### Task objective
Filter the records below, keeping only lines with the string "roll".
=== Begin Enclosure ===
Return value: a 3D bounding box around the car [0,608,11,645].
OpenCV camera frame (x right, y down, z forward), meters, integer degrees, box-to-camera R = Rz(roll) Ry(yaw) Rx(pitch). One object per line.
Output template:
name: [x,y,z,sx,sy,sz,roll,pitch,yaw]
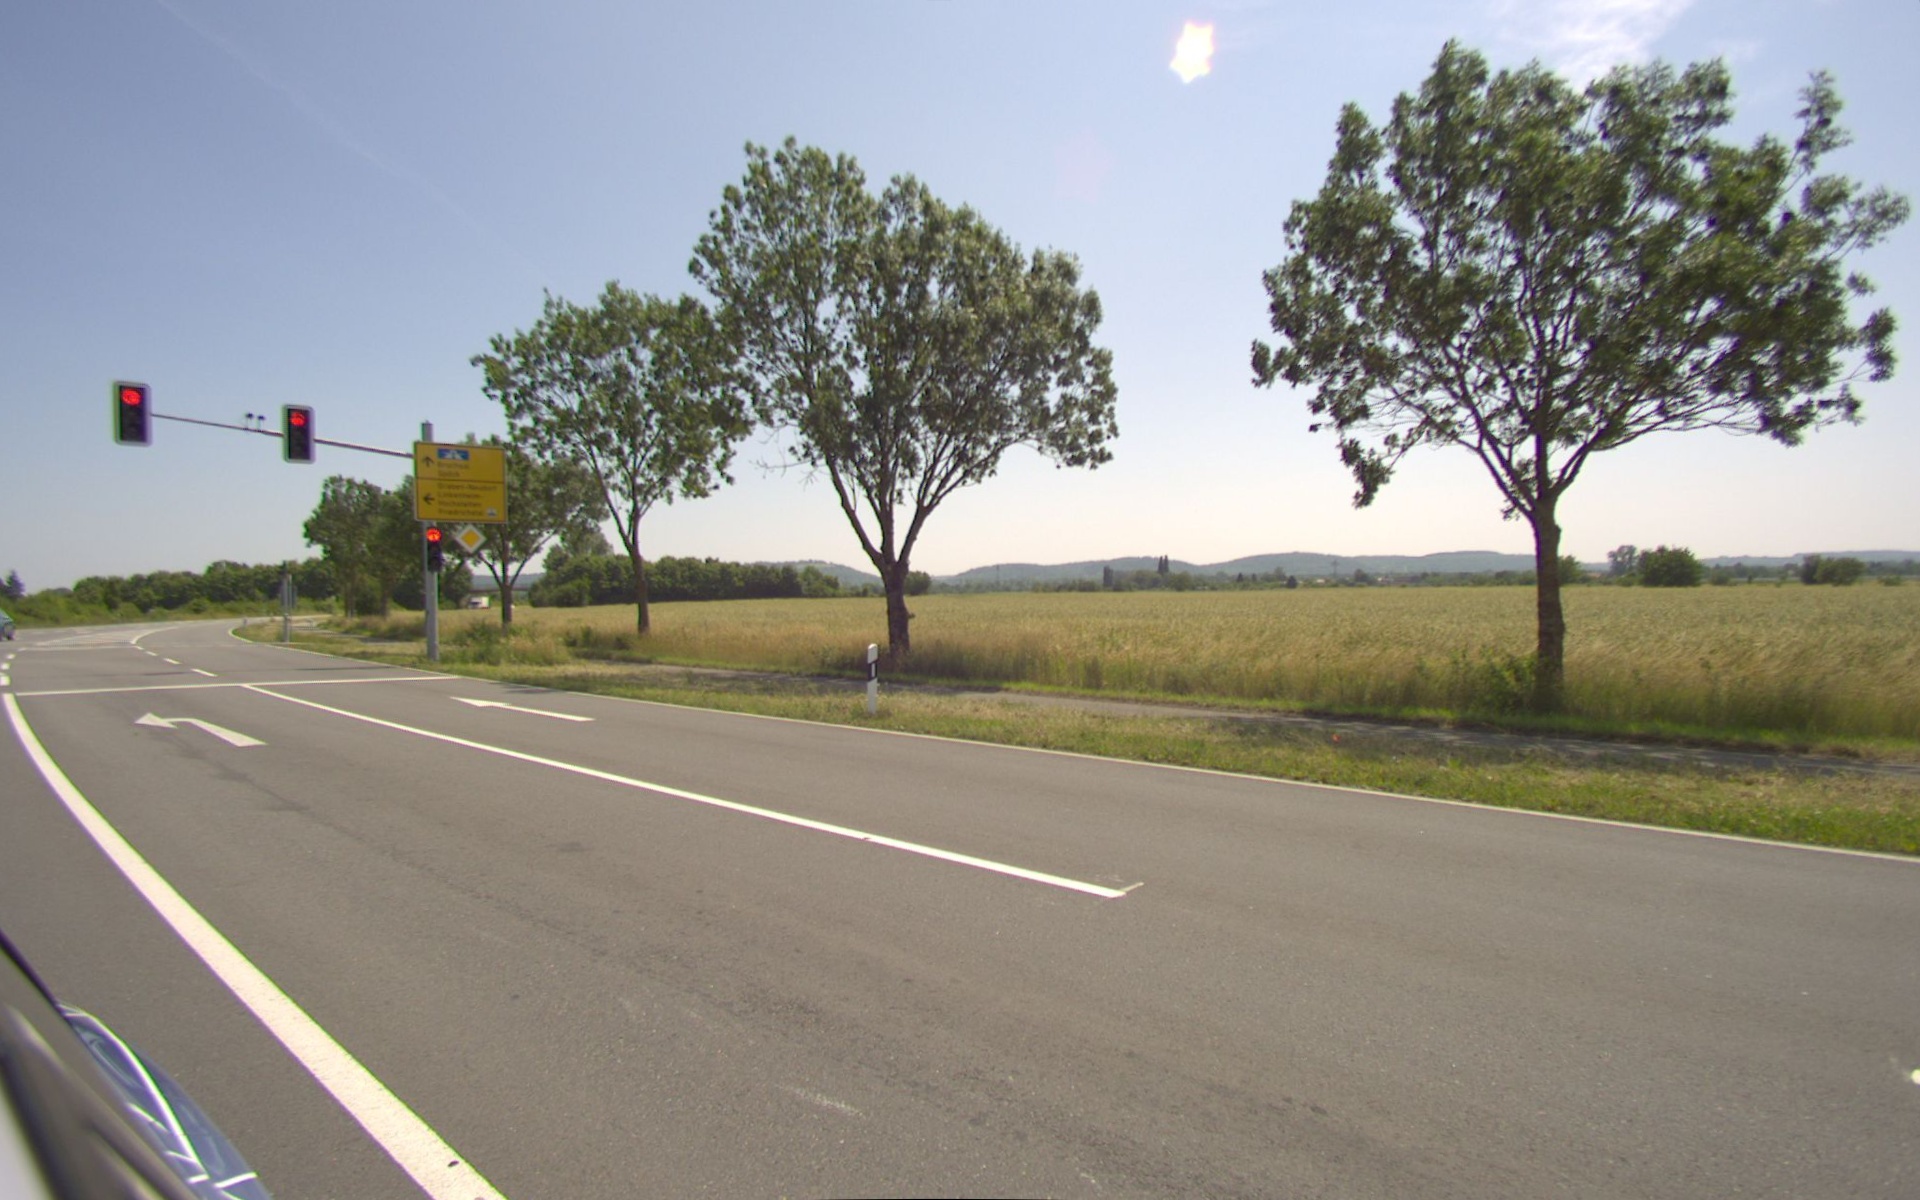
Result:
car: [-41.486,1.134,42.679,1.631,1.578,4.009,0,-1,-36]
=== End Enclosure ===
### Response box
OpenCV camera frame (x right, y down, z forward), meters, integer degrees, box-to-camera R = Rz(roll) Ry(yaw) Rx(pitch). One object per line.
name: [x,y,z,sx,sy,sz,roll,pitch,yaw]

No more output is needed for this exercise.